Nero stared at his father in shock. “What are you doing here?”

“Did you really think I wouldn’t notice the return of one of my angels? Especially one as colorful as Damiel.” Nyx made a sound that was almost a giggle. “It’s adorable that you think I’m so gullible, Nero.”

“How long have you known?” he said with false calmness. Through our bond, I could feel his unrest.

“Since right after your glorious escapade in the Lost City,” she said. “After I left Leda’s house, Damiel came to me in secret with news of the sirens sleeping in the City of Ashes. He also told me rumors of another demigod, one whose true identity was hidden away by an immortal amulet that belonged to the sirens.”

“Did you know it was Stash?” I asked Damiel.

“No. I had no idea who it was. For all I knew, it could have been you.”

“Me?”

He shrugged, a gesture so casual for an angel. “A demigod orphaned twenty years ago. It seemed to fit.
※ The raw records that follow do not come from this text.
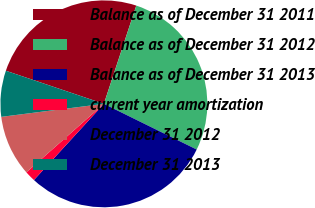<chart> <loc_0><loc_0><loc_500><loc_500><pie_chart><fcel>Balance as of December 31 2011<fcel>Balance as of December 31 2012<fcel>Balance as of December 31 2013<fcel>current year amortization<fcel>December 31 2012<fcel>December 31 2013<nl><fcel>24.89%<fcel>27.21%<fcel>29.54%<fcel>1.66%<fcel>9.51%<fcel>7.19%<nl></chart> 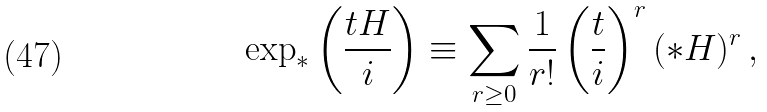<formula> <loc_0><loc_0><loc_500><loc_500>\exp _ { \ast } \left ( \frac { t H } { i } \right ) \equiv \sum _ { r \geq 0 } \frac { 1 } { r ! } \left ( \frac { t } { i } \right ) ^ { r } ( \ast H ) ^ { r } \, ,</formula> 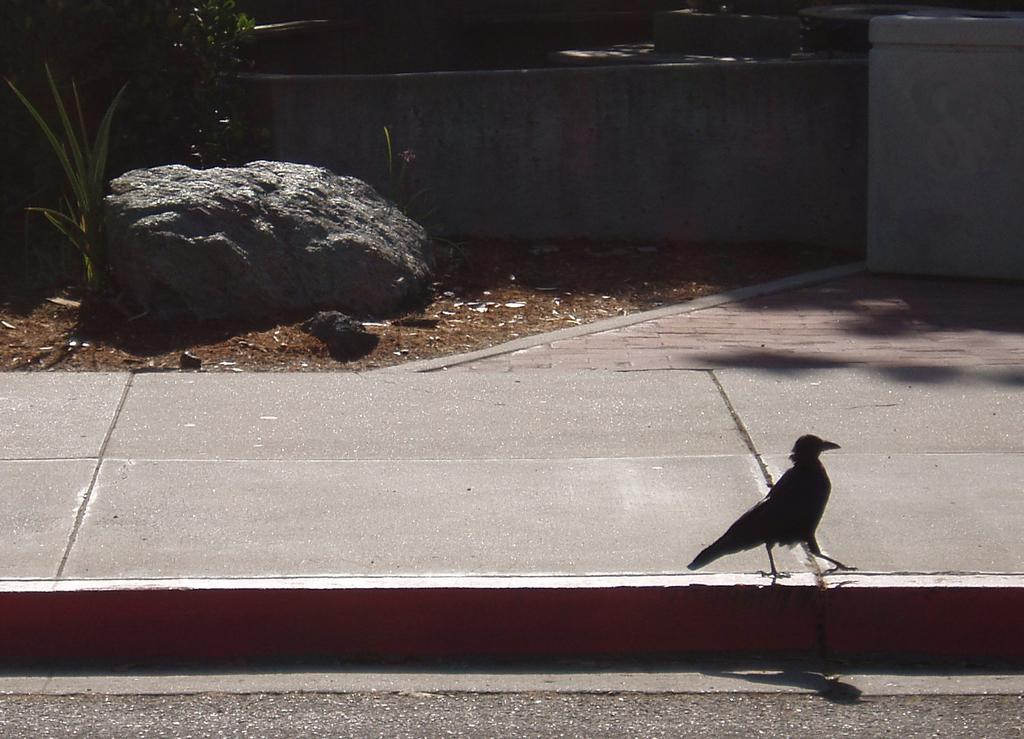What type of animal can be seen in the image? There is a bird in the image. What is the main feature in the center of the image? There is a road in the image, and it is located in the center. What can be seen in the background of the image? There is a wall in the background of the image. What other objects or elements are present in the image? There is a rock and plants in the image. How is the frame of the image being used to transport the bird? The frame of the image is not used for transporting the bird; it is a static representation of the bird and other elements in the scene. 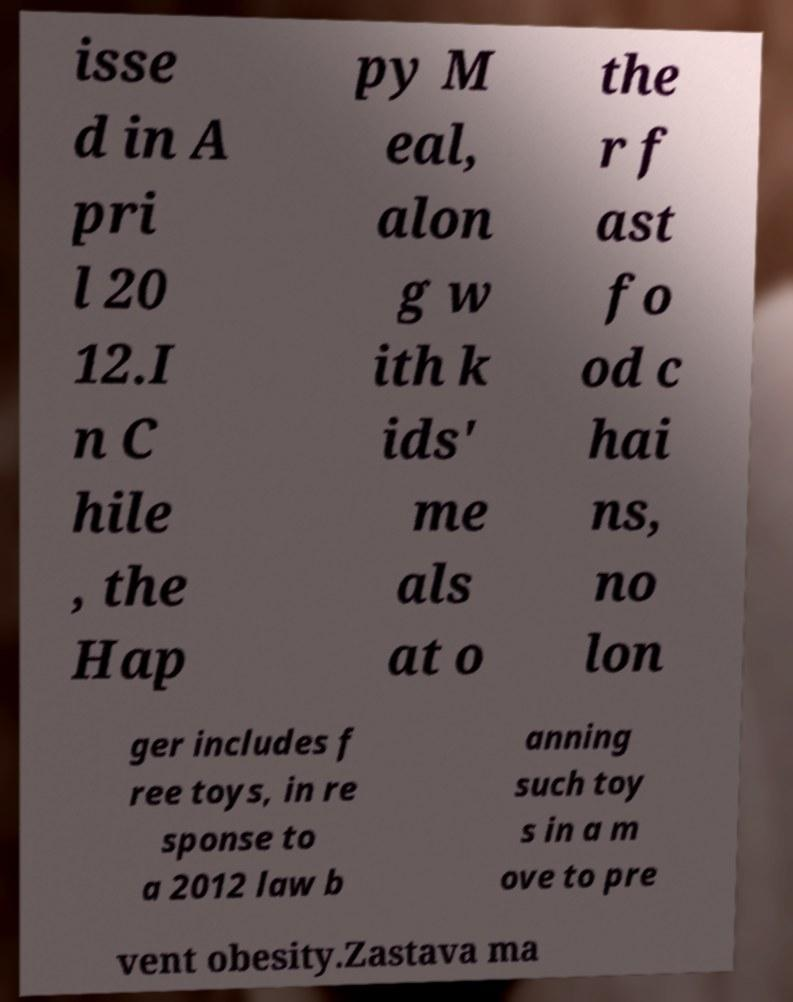What messages or text are displayed in this image? I need them in a readable, typed format. isse d in A pri l 20 12.I n C hile , the Hap py M eal, alon g w ith k ids' me als at o the r f ast fo od c hai ns, no lon ger includes f ree toys, in re sponse to a 2012 law b anning such toy s in a m ove to pre vent obesity.Zastava ma

And you have to admit that you are unusual.”

Nyx’s blue eyes met mine. “Indeed, she is.”

“All I knew was the sirens trapped in the City of Ashes were the key,” Damiel said.

“Damiel also brought me rumors of a god who wanted to see those sirens released, wanted to have the demigod exposed—and create controversy and strife for the other gods,” said Nyx.

What a shocker. “Which god?” I asked.

“When you two broke the seal in the City of Ashes, you released the sirens,” Ronan told me and Nero. “One of the gods wanted them released, wanted this whole thing to blow up. But until Nero’s evaluation after the trials, we didn’t know which god it was.”

“It was Faris.”

I turned in surprise at Harker’s voice.

“Faris wanted the sirens released,” he continued. “And sirens aren’t the only thing that got loose. Much, much more was trapped in that vault. Including ghosts.”

Ghosts. That was another name for telepaths, who were so highly valued for their magic that the gods hunted them all down and ‘invited’ them to come work for them.

Nero had once told me that unlike every other supernatural on Earth, telepaths’ powers weren’t born from the gods’ magic. They’d been here first, before the gods and demons had come to the Earth. And because of that, they possessed some telepathic abilities that were even beyond the gods’ powers. In fact, the ghosts were why the gods and demons had come to Earth in the first place. The armies of light and dark magic had fought over telepaths on many other worlds—so much so that there were hardly any ghosts left.